The ‘Technology Game’ is a bigger, broader, brighter and better game than the ‘IT Game.”

The IT game was insular and exclusive to the enterprise and defined by the relationship between the business and IT.  Digital technology is expansive.  Digital technology’s solutions are engaging.  Digital technology is emerging.  All of these realities expand the Technology game beyond its old boarders and silences the stalemate associated with IT.

A richer game requires a more comprehensive feedback system and measures that guide player’s worldview, decisions, behavior and motivations.  This post suggests an outline for this type of system along the lines of comprehensive value.  These are the thoughts of one person, a solitary reflection on a broader set of metrics for technology.  They need your though, input and ideas, please comment and contribute.

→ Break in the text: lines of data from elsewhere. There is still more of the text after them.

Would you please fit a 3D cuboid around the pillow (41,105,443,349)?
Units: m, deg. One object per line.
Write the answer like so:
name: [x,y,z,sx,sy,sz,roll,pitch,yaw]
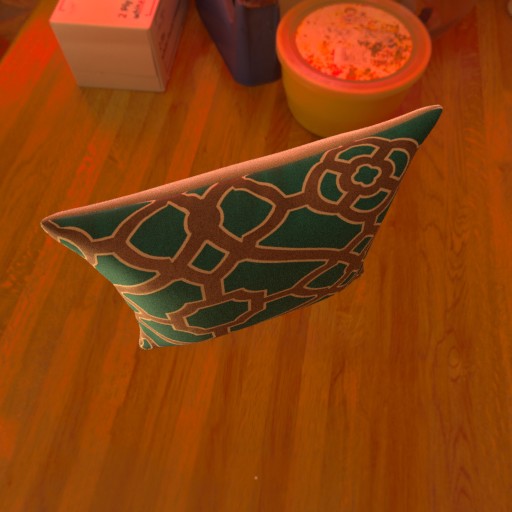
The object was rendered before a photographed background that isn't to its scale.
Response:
pillow: [0.000,0.000,0.766,0.526,0.507,0.166,-18,65,-9]
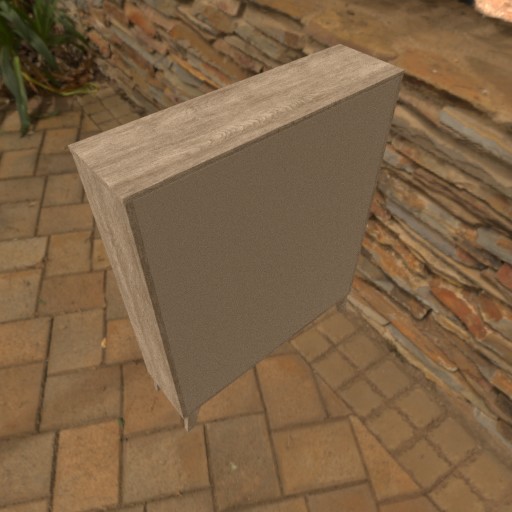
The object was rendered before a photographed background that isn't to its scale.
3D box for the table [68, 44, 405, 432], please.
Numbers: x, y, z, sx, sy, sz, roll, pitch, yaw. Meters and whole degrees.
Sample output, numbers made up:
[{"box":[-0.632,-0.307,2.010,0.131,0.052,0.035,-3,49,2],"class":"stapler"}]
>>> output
[{"box":[0.000,0.000,1.545,0.902,1.135,0.256,-32,54,-27],"class":"table"}]
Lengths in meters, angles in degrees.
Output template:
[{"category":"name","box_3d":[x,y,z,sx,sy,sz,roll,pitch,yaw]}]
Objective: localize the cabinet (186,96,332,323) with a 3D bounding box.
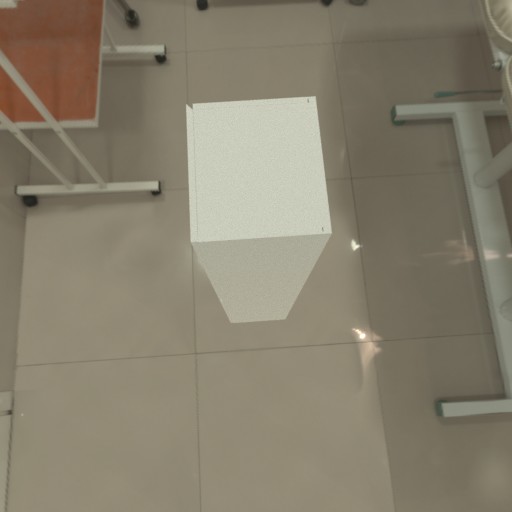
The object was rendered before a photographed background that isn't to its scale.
[{"category":"cabinet","box_3d":[0.000,0.000,1.560,0.270,1.400,0.300,-4,75,-1]}]
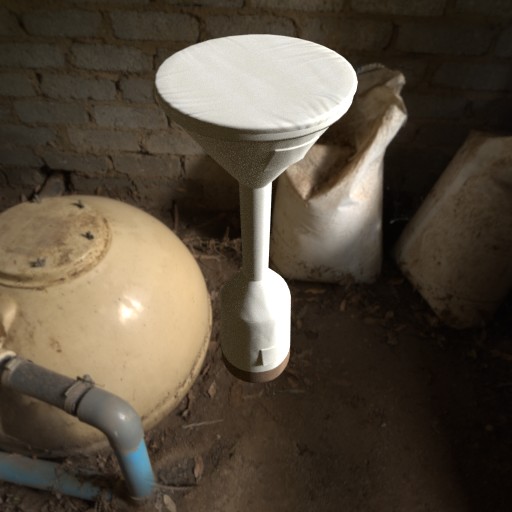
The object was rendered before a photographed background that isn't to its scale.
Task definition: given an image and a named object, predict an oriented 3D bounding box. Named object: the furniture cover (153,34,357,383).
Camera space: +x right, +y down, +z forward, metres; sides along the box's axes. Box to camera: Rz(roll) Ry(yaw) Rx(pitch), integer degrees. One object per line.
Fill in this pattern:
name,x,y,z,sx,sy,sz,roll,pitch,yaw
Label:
furniture cover,0.000,0.000,2.876,0.914,2.413,0.914,-24,52,-21
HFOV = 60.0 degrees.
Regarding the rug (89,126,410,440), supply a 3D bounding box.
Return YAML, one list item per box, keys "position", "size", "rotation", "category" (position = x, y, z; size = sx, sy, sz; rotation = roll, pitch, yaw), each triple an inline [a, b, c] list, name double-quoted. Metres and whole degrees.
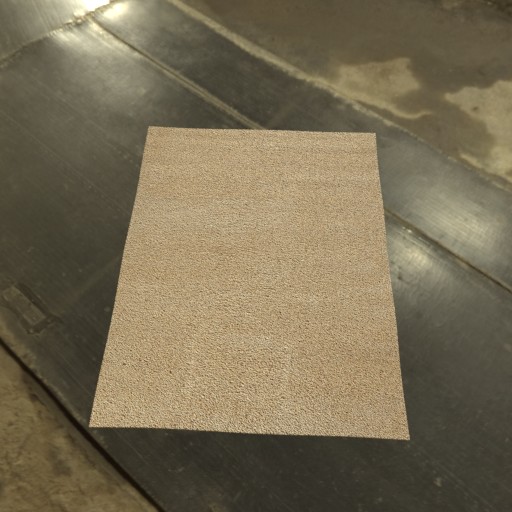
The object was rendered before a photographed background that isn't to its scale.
- position: [0.000, 0.000, 4.006]
  size: [2.400, 0.025, 3.000]
  rotation: [2, 63, 1]
  category: "rug"
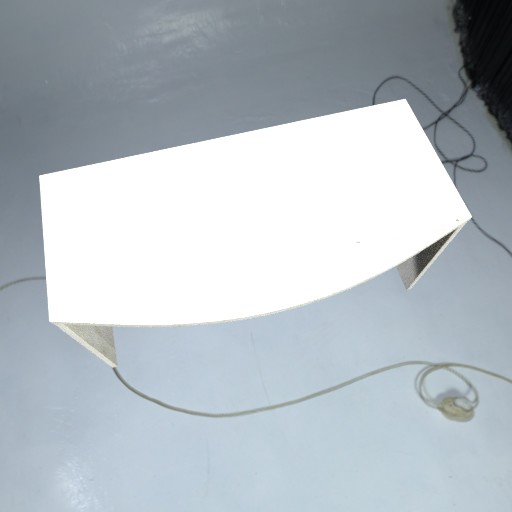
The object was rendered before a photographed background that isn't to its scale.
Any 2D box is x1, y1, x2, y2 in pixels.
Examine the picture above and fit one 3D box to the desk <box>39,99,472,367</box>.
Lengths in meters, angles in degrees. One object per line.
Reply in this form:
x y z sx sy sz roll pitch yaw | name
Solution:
0.000 0.000 2.054 1.600 0.752 0.802 -14 65 -7 | desk
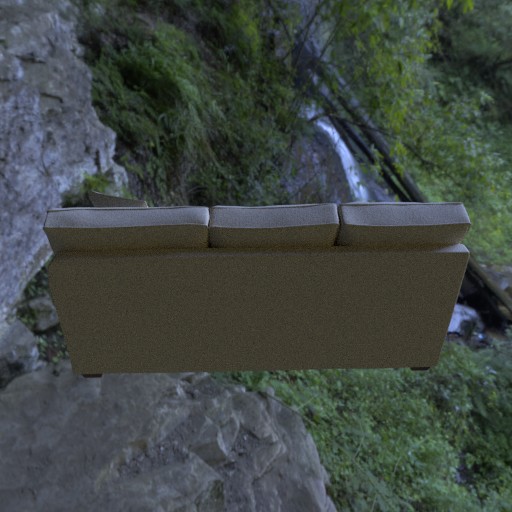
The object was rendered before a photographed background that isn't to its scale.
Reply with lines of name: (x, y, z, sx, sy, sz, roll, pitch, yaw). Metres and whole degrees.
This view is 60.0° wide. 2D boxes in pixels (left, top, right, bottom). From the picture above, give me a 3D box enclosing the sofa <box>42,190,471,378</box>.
sofa: (0.000, 0.000, 2.573, 1.963, 0.946, 1.034, -1, 30, -1)
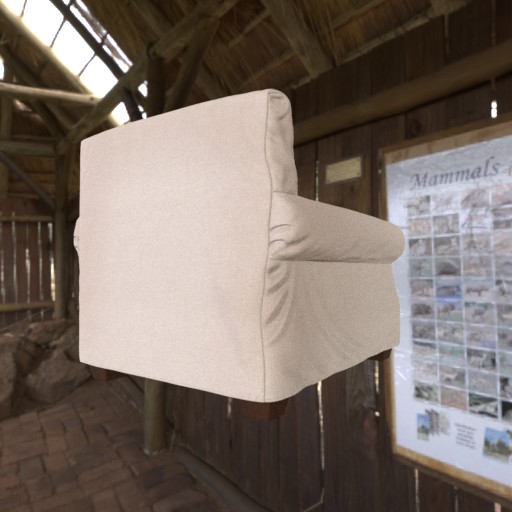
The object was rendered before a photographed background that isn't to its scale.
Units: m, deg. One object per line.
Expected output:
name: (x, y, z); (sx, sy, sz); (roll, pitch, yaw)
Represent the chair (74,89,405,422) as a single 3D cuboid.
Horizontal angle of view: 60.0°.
chair: (0.000, 0.000, 1.731); (0.940, 0.866, 1.066); (-1, -1, 35)

Category: 2013  digital-edge  digitalization  it-epic-journey  re-imagine-it  

Tags: it-and-business  it-leadership  technology-game  technology-leadership  

Mark P. McDonald
8 years at Gartner
24 years IT industry

Mark McDonald, Ph.D., is a former group vice president and head of research in Gartner Executive Programs. He is the co-author of The Social Organization with Anthony Bradley. Read Full Bio

Thoughts on What are the feedback systems that drive a Technology Game?

  1. Dear Mark,
    I think that extending what we may call “traditional IT” into digital grownds just for the sake of bringing in new revenue related metrics for the CIO absolutley defeats the purpose of the innovation efforts behind digital technologies and new business models.
    In fact, new business models that leverage digital technologies are not yet strictly profitable in many many cases.
    Therefore, it is not only unfair to innovators and unmotivating for innovative business leaders, but extending the traditional IT value and metrics via digital technologies value and metrics is not even effective as an excuse for many CIO’s to continue sitting back on their payroll.
    The danger for the CIO is himself. His capability to sell budget requirements on the one hand and to inhibit innovation on behalf of business and functional units across the enterprise, is what is actually causing the problem.The CIO’s confort zone is hence the problem.
    I don’t know what it is, but the solution for CIO and IT percieved value should not become “revenue stealers”.
    With all respect and admiration to CIO’s that innovate, create business value and drive business opportunities, making up “shortcuts” for those that just pretend to create value, is not good practice.